SUPPLIED MATERIAL:

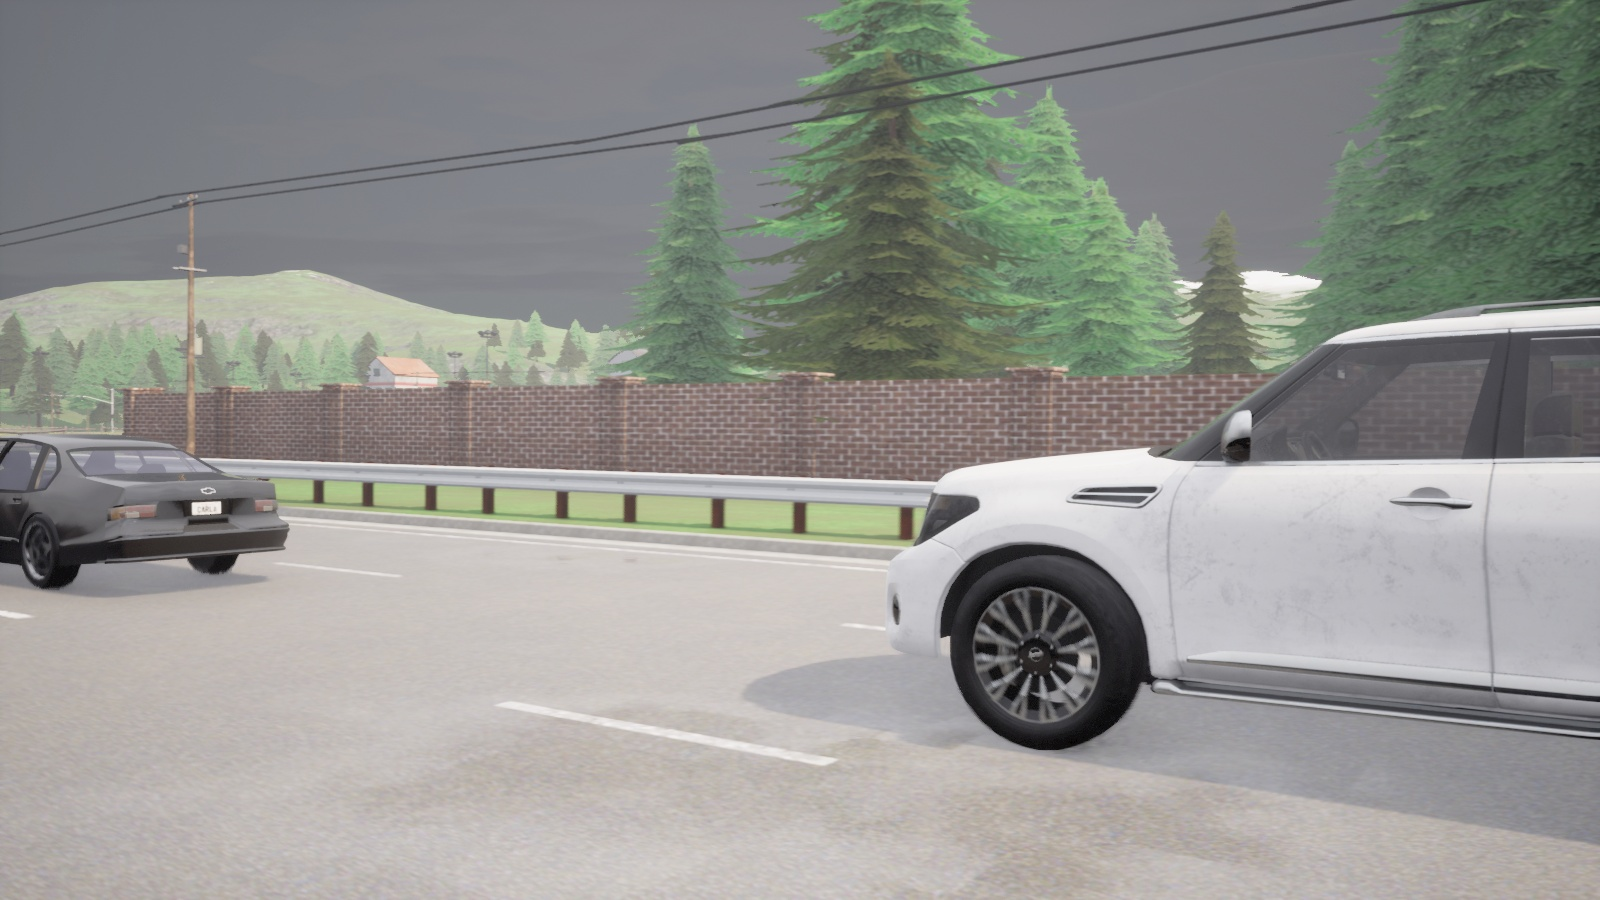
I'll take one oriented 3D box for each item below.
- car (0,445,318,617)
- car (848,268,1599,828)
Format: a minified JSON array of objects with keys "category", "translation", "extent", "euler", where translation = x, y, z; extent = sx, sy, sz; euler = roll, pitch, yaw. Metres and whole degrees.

EXERCISE BRIEF:
The full listing, reproduced exactly and without pictures, is the expected output.

EXERCISE RESPONSE:
I'll take one oriented 3D box for each item below.
- car (0,445,318,617)
- car (848,268,1599,828)
Format: a minified JSON array of objects with keys "category", "translation", "extent", "euler", where translation = x, y, z; extent = sx, sy, sz; euler = roll, pitch, yaw. Metres and whole degrees.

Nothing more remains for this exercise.